Les Écoles européennes (EE) sont des écoles publiques, fondées sur un traité international (la Convention des Écoles européennes), ayant pour but principal d’accueillir les enfants des fonctionnaires européens et de leur offrir un enseignement complet (maternelle, élémentaire et secondaire) dans leur langue maternelle. Cette formation débouche sur le Baccalauréat européen.

L'originalité de l'enseignement des EE est fondée sur les principes suivants :
  1. L'enseignement est axé sur la langue nationale de l'enfant (section linguistique),là où le nombre d'élèves le permet.

  2. La seconde langue est choisie parmi les trois langues véhiculaires de l'Union européenne (français, allemand ou anglais) dès le début du primaire. Il est par la suite possible d'apprendre une ou deux langues supplémentaires.

  3. Les cours des sciences humaines (histoire et géographie) sont, dès la 3e secondaire, donnés dans la seconde langue de l’élève. De même pour l’option économie à partir de la 4e secondaire.

  4. Les élèves suivent un enseignement harmonisé, les programmes sont donc identiques pour toutes les sections linguistiques.

  5. Les élèves sont éduqués dans des écoles qui abritent les différentes sections linguistiques et la mixité linguistique (les EE disent "culturelle") est encouragée.

  6. En section primaire, un cours spécial dit « heures européennes » rassemble les enfants autour d'un projet commun, toutes nationalités confondues. Dans les cours administrés en langue étrangère, les sections sont mélangées.

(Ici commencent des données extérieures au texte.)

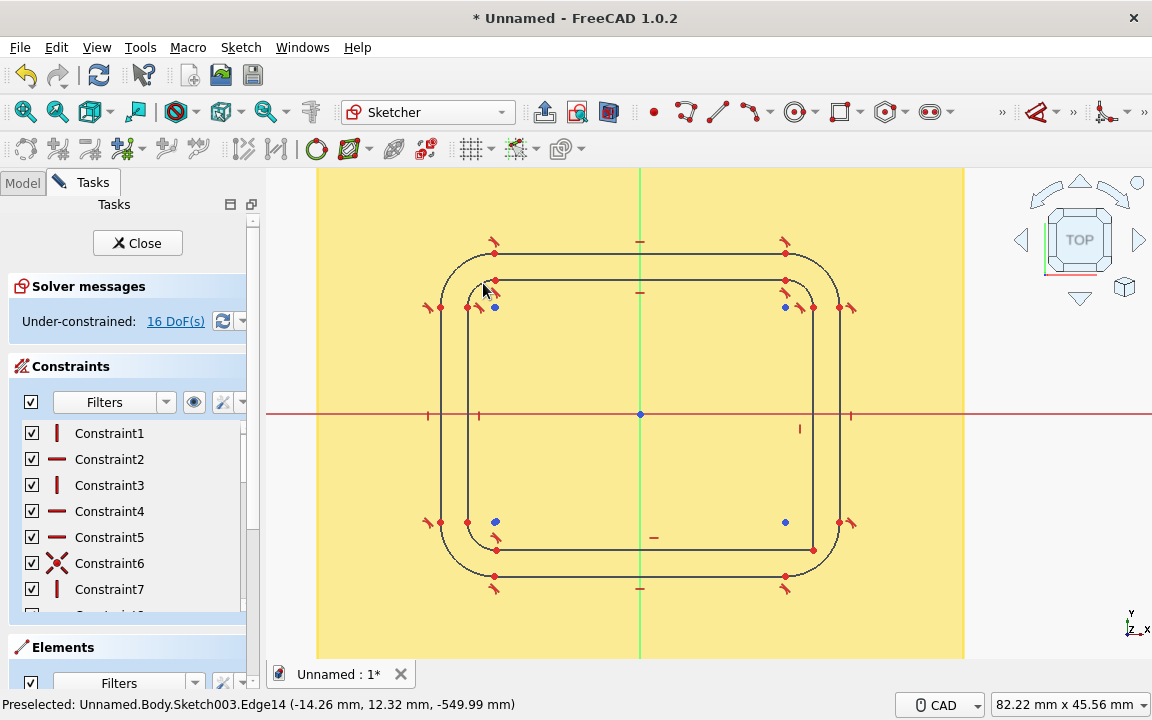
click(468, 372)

  7. Les écoles comprennent généralement les 2 dernières années de maternelle, 5 années en primaire et 7 années en secondaire.
Cette formation aboutit à un baccalauréat européen reconnu dans tous les États membres.

Le budget moyen des EE consacré par élève est d'environ 10 700 € soit 17 165 $ canadiens. En France, le cout moyen d’une année au primaire est 3 270 € (5 250 $) et 5 641 € (9 100 $) au secondaire. Au Québec, la dépense moyenne des commissions scolaires pour chaque élève est de 8 663 $.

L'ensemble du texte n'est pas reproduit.